Downregulation of tumor necrosis factor (TNF) sensitivity via modulation of TNF binding capacity by protein kinase C activators.

Abstract

The regulatory action of activators for protein kinase C on the specific binding capacity for recombinant human tumor necrosis factor .alpha. (TNF-.alpha.) was studied on various human cell lines. Phorbol myristate acetate (PMA) and oleyl acetyl glycerol (OAG) both are able to rapidly downregulate TNF-binding capacity of normal and malignant cells derived from various tissues. As PMA treatment did not enhance internalization of TNF-.alpha.-receptor complexes at 37.degree.

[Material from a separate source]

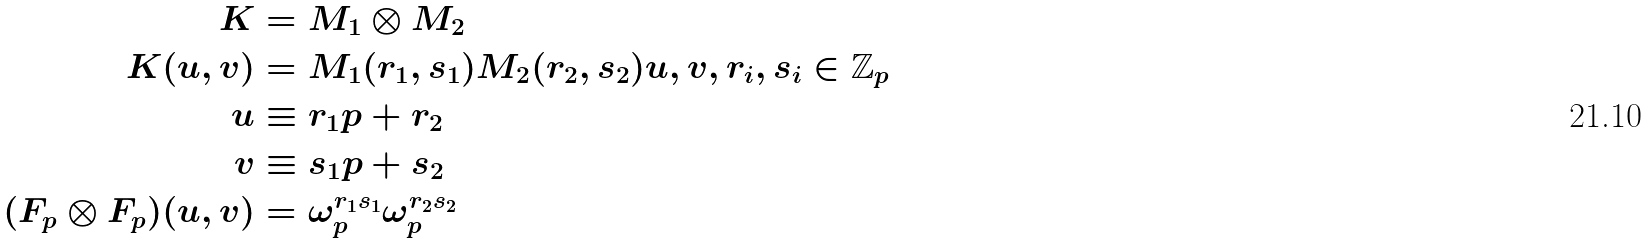Convert formula to latex. <formula><loc_0><loc_0><loc_500><loc_500>K & = M _ { 1 } \otimes M _ { 2 } \\ K ( u , v ) & = M _ { 1 } ( r _ { 1 } , s _ { 1 } ) M _ { 2 } ( r _ { 2 } , s _ { 2 } ) u , v , r _ { i } , s _ { i } \in \mathbb { Z } _ { p } \\ u & \equiv r _ { 1 } p + r _ { 2 } \\ v & \equiv s _ { 1 } p + s _ { 2 } \\ ( F _ { p } \otimes F _ { p } ) ( u , v ) & = \omega _ { p } ^ { r _ { 1 } s _ { 1 } } \omega _ { p } ^ { r _ { 2 } s _ { 2 } }</formula> 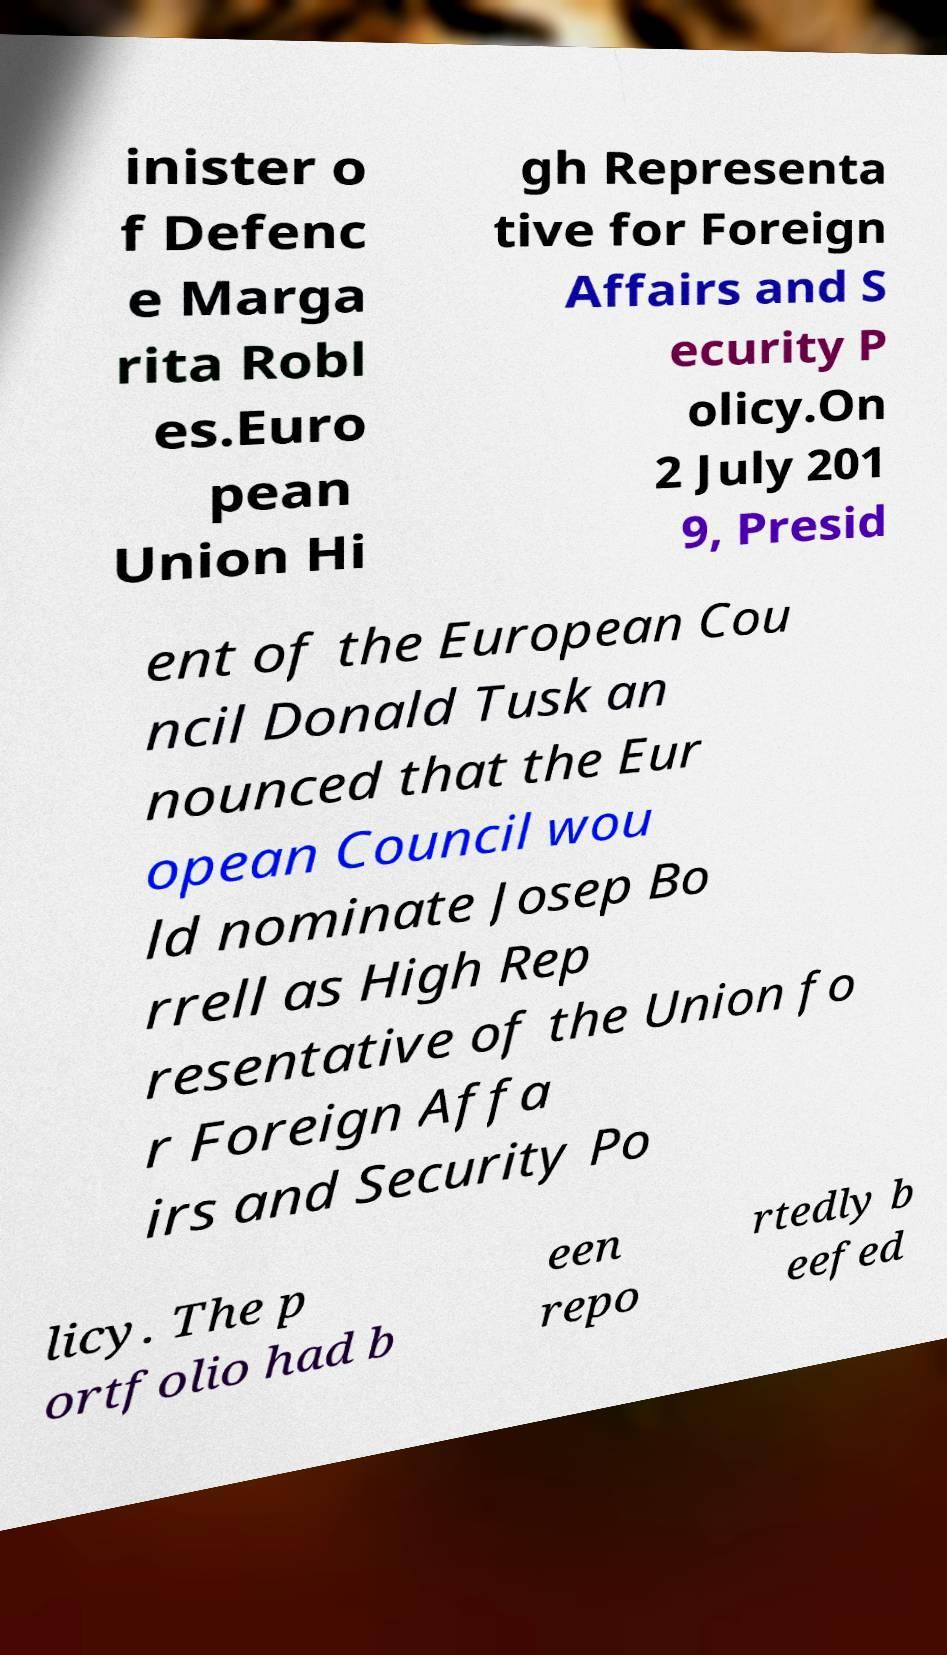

C, and since OAG was able to downregulate TNF-binding capacity under conditions where internalization and shedding of receptor protein are prevented, we conclude that protein kinase C controls ligand affinity of the TNF-receptor protein, possibly via direct phosphorylation. Protein kinase C triggered downregulation of TNF-.alpha.-binding capacity concomitantly resulted in reduction of TNF-.alpha.-sensitivity, as revealed from decreased cytotoxic action of TNF-.alpha. on L 929 cells and from inhibition of TNF-.alpha.-mediated enhancement of HLA class II antigen expression in Colo 205 cells. Restoration of TNF-binding capacity upon abrogation of protein kinase C stimulation leads to full recovery of TNF responsiveness, further supporting the close linkage of TNF-receptor expression and TNF sensitivity. These data suggest that regulation of TNF-binding capacity by protein kinase C is one of the cellular control mechanisms of TNF responsiveness.